EXERCISE PROMPT: Retype the lines from the one containing "HFOV = 60.0 degrees." through the last line of the entries below, exactly and in full, omitting every image.

──────── DATA SUPPLIED

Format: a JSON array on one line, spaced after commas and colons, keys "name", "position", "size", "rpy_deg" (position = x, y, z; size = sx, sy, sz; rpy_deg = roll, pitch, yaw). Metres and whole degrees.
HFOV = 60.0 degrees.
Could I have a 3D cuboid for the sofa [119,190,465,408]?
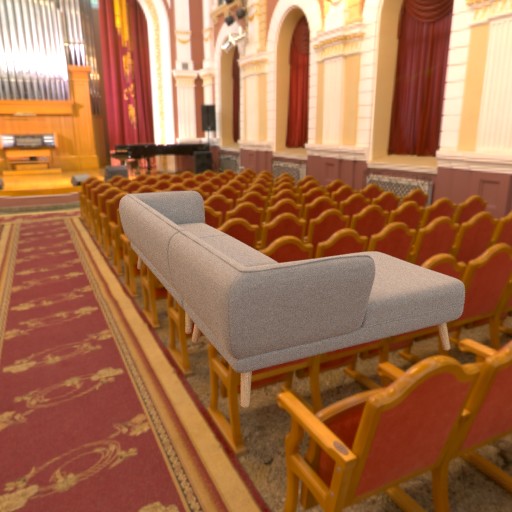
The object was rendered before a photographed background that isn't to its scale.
[{"name": "sofa", "position": [0.000, 0.000, 3.287], "size": [1.532, 0.693, 2.653], "rpy_deg": [-7, 17, -25]}]

────────────────

SOLUTION TO THIS EXERCISE:
HFOV = 60.0 degrees.
Could I have a 3D cuboid for the sofa [119,190,465,408]?
The object was rendered before a photographed background that isn't to its scale.
[{"name": "sofa", "position": [0.000, 0.000, 3.287], "size": [1.532, 0.693, 2.653], "rpy_deg": [-7, 17, -25]}]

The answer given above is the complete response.